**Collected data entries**
*-*-*

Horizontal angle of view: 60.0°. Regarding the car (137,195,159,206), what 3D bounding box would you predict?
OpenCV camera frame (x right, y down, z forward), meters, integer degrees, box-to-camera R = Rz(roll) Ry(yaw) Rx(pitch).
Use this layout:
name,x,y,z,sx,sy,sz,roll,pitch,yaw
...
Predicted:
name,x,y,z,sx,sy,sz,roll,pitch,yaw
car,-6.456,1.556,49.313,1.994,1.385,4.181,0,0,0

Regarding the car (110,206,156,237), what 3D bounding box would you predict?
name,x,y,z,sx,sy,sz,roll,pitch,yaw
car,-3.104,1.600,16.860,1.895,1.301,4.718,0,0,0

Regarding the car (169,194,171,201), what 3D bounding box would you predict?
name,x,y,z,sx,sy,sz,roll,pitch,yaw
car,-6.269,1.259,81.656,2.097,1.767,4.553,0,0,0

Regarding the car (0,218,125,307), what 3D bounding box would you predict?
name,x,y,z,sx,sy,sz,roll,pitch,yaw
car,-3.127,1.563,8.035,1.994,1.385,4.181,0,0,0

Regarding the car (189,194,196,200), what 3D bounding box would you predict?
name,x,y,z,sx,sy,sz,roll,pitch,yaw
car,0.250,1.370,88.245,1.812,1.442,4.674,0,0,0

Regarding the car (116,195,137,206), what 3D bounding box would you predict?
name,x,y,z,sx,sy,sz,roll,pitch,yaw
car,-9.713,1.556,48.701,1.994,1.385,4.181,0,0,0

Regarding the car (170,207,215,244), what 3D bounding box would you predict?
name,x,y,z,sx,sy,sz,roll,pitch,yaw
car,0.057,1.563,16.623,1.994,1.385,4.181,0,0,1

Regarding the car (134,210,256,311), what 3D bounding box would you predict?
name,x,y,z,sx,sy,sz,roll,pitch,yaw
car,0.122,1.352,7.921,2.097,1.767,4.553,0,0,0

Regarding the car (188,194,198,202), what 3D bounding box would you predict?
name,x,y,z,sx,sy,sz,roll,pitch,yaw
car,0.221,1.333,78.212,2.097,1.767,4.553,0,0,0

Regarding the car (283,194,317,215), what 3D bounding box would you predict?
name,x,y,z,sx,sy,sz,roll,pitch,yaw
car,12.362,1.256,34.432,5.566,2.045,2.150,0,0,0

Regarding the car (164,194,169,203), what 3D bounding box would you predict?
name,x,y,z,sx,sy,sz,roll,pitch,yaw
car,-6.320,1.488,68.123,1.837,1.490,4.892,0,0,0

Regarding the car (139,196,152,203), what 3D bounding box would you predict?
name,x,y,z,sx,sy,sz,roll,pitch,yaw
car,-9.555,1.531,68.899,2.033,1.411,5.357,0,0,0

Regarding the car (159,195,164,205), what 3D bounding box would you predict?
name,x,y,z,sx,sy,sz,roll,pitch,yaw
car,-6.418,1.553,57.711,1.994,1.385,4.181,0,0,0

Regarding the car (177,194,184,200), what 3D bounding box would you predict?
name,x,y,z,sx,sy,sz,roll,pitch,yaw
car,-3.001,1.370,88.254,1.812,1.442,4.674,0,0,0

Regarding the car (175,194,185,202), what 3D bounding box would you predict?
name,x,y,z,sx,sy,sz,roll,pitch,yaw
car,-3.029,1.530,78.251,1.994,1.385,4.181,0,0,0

*-*-*

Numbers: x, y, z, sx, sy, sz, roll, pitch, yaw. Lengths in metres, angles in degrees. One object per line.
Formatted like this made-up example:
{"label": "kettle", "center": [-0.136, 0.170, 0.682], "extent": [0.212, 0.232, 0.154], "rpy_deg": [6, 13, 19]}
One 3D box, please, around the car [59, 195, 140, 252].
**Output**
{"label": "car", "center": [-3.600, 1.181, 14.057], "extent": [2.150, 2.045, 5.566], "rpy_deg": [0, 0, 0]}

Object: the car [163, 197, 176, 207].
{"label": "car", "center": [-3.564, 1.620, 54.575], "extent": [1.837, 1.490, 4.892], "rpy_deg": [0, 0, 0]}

*-*-*

**THE TASK**
Filter the records for the word "degrees" and show every line that has it.

**TASK OUTPUT**
OpenCV camera frame (x right, y down, z forward), meters, integer degrees, box-to-camera R = Rz(roll) Ry(yaw) Rx(pitch).
Numbers: x, y, z, sx, sy, sz, roll, pitch, yaw. Lengths in metres, angles in degrees. One object per line.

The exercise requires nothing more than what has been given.